(Items from a data source)

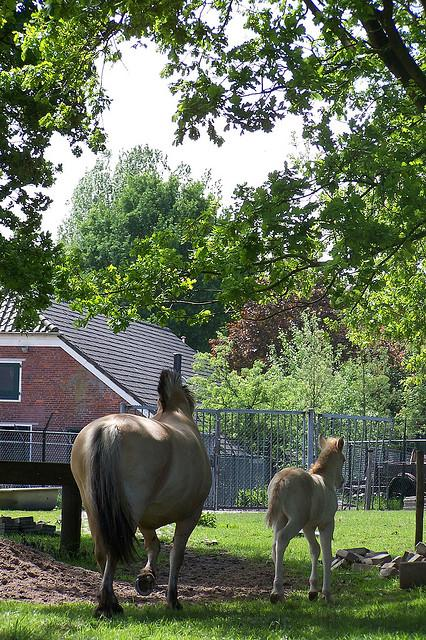What are the horses doing? Please explain your reasoning. standing. The horses are standing in the grass. 
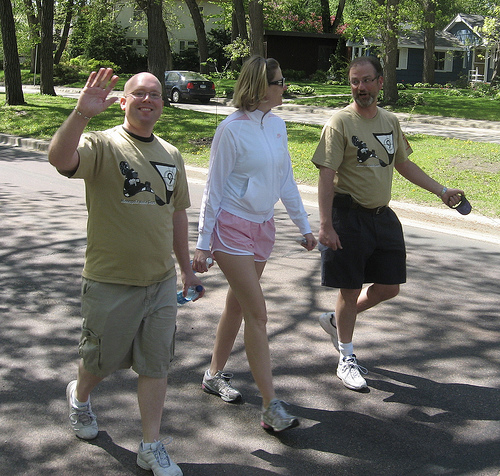<image>
Can you confirm if the tree is in front of the woman? No. The tree is not in front of the woman. The spatial positioning shows a different relationship between these objects. 
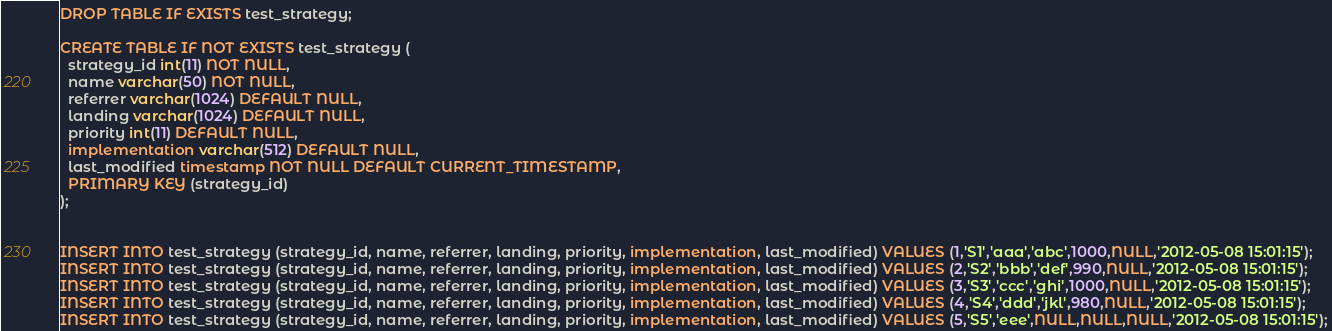<code> <loc_0><loc_0><loc_500><loc_500><_SQL_>DROP TABLE IF EXISTS test_strategy;

CREATE TABLE IF NOT EXISTS test_strategy (
  strategy_id int(11) NOT NULL,
  name varchar(50) NOT NULL,
  referrer varchar(1024) DEFAULT NULL,
  landing varchar(1024) DEFAULT NULL,
  priority int(11) DEFAULT NULL,
  implementation varchar(512) DEFAULT NULL,
  last_modified timestamp NOT NULL DEFAULT CURRENT_TIMESTAMP,
  PRIMARY KEY (strategy_id)
);


INSERT INTO test_strategy (strategy_id, name, referrer, landing, priority, implementation, last_modified) VALUES (1,'S1','aaa','abc',1000,NULL,'2012-05-08 15:01:15');
INSERT INTO test_strategy (strategy_id, name, referrer, landing, priority, implementation, last_modified) VALUES (2,'S2','bbb','def',990,NULL,'2012-05-08 15:01:15');
INSERT INTO test_strategy (strategy_id, name, referrer, landing, priority, implementation, last_modified) VALUES (3,'S3','ccc','ghi',1000,NULL,'2012-05-08 15:01:15');
INSERT INTO test_strategy (strategy_id, name, referrer, landing, priority, implementation, last_modified) VALUES (4,'S4','ddd','jkl',980,NULL,'2012-05-08 15:01:15');
INSERT INTO test_strategy (strategy_id, name, referrer, landing, priority, implementation, last_modified) VALUES (5,'S5','eee',NULL,NULL,NULL,'2012-05-08 15:01:15');


</code>

**What is expected**
Leave the pictures out and output the rest of the data word for word.

**Task result**
What are the horses doing? Please explain your reasoning. standing. The horses are standing in the grass. 
<image>
Can you confirm if the tree is in front of the woman? No. The tree is not in front of the woman. The spatial positioning shows a different relationship between these objects. 
<code> <loc_0><loc_0><loc_500><loc_500><_SQL_>DROP TABLE IF EXISTS test_strategy;

CREATE TABLE IF NOT EXISTS test_strategy (
  strategy_id int(11) NOT NULL,
  name varchar(50) NOT NULL,
  referrer varchar(1024) DEFAULT NULL,
  landing varchar(1024) DEFAULT NULL,
  priority int(11) DEFAULT NULL,
  implementation varchar(512) DEFAULT NULL,
  last_modified timestamp NOT NULL DEFAULT CURRENT_TIMESTAMP,
  PRIMARY KEY (strategy_id)
);


INSERT INTO test_strategy (strategy_id, name, referrer, landing, priority, implementation, last_modified) VALUES (1,'S1','aaa','abc',1000,NULL,'2012-05-08 15:01:15');
INSERT INTO test_strategy (strategy_id, name, referrer, landing, priority, implementation, last_modified) VALUES (2,'S2','bbb','def',990,NULL,'2012-05-08 15:01:15');
INSERT INTO test_strategy (strategy_id, name, referrer, landing, priority, implementation, last_modified) VALUES (3,'S3','ccc','ghi',1000,NULL,'2012-05-08 15:01:15');
INSERT INTO test_strategy (strategy_id, name, referrer, landing, priority, implementation, last_modified) VALUES (4,'S4','ddd','jkl',980,NULL,'2012-05-08 15:01:15');
INSERT INTO test_strategy (strategy_id, name, referrer, landing, priority, implementation, last_modified) VALUES (5,'S5','eee',NULL,NULL,NULL,'2012-05-08 15:01:15');


</code>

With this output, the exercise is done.